Choromytilus meridionalis, the black mussel, is a species of bivalve. It is a marine mollusc in the family Mytilidae. They are part of the Phylum Mollusca which is the second-largest phylum of invertebrates with around 85,000 species. In this article, we will be discussing the taxonomy, morphology, ecology, reproduction, and distribution of Choromytilus meridionalis.

== Taxonomy ==
See: Infobox

== Morphology ==
This animal grows up to 150 mm in length. It is a shiny black mussel that grows clustered in groups on rocks and in sandy areas. It is narrower and blacker than the Mediterranean mussel, Mytilus galloprovincialis, with which it is often confused.   The family mytilldae is known for narrow, elliptical, fan-shaped, thin valves which are of the same size, the absence of prominent hinge teeth, and the presence of byssal threads that hang off the hinge area for anchoring on rigid substrates.

==Ecology==
The black mussel is a filter feeder that eats floating scraps of algae and phytoplankton. It is threatened by the invasion of the fast-growing and hardy Mediterranean mussel, which outcompetes it for space. Particulate organic matter is the major food source of many filter-feeding bivalves including C. meridionalis. Choromytilus meridionalis utilizes bacteria as a nitrogen resource, which is important for its growth and survival in the intertidal zone. The bacterial nitrogen uptake by C. meridionalis was highest when mussels were exposed to high tide and lowest during low tide. The bacterial nitrogen uptake by C. meridionalis is influenced by the availability of other nitrogen sources such as dissolved inorganic nitrogen. This suggests that species have the ability to adjust their nitrogen uptake strategy based on the availability of different nitrogen sources. C. meridionalis may co-exist with the bivalve Aulacomya ater in the field.

== Reproduction ==
In the False Bay area, Choromytilus meridionalis all reproduce at the same time and partake in two breeding seasons. Although the number of eggs and sperm released each year changes, the ratio of eggs to sperm is constant.
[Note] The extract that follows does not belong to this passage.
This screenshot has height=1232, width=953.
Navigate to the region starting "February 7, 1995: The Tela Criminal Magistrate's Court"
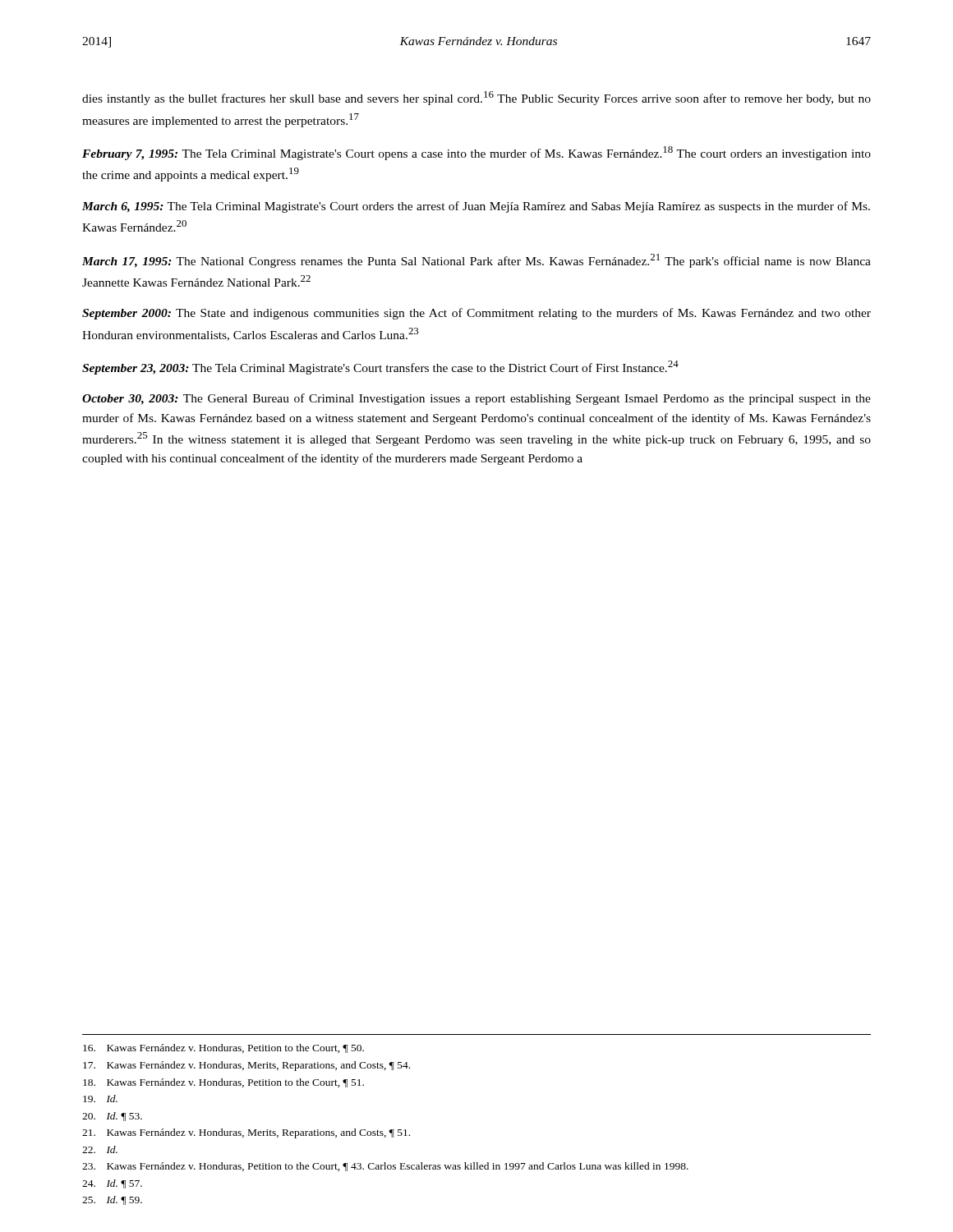476,163

The sexes are separate and females may be distinguished by the chocolate-brown color of the ovary, while the testis is yellow to white, depending on its state of development. In mature animals, the gonad extends as a thickened lobe in the midline between the gills, posterior to the foot. In C. meridionalis gametogenesis occurs continuously throughout the year. C. meridionalis larvae are present in the water column for most of the time and will readily settle on ropes or buoys suspended in the water; they rarely settle on the rocky substrate.

==Distribution==
This species is found in lagoonal, coastal, inner shelf, outer shelf, oceanic, brackish, seawater This species is found only around the southern African coast, from central Namibia to Port Elizabeth, in the sublittoral and lower littoral of rocky areas. The population density of C. meridionalis varied significantly among tidal levels, with the highest densities found at the mid-tidal level. The tidal levels also influenced the growth rates of C. meridionalis, in which the individuals found around the mid-tidal levels exhibited the highest growth rates. The most important environmental factors affecting the distribution of the species are temperature and sediment type. They do well in temperatures of 12.5-30 °C. Salinity seems to have little effect on the distribution and abundance of the species.

== Climate change impact ==
Reports of C. meriodionalis in South Africa have been shown to have traces of harmful metals from the ocean. This is due to rising anthropogenic climate change and urban runoff that is threatening the future of mussel farming. Mussel farming is a form of aquaculture that involves raising and harvesting these mollusks in either natural or man-made environments, since mussels are filter feeders, they filter incoming water, when the water becomes polluted the mussels absorb everything in the water which they can retain and this affects humans when they are consumed.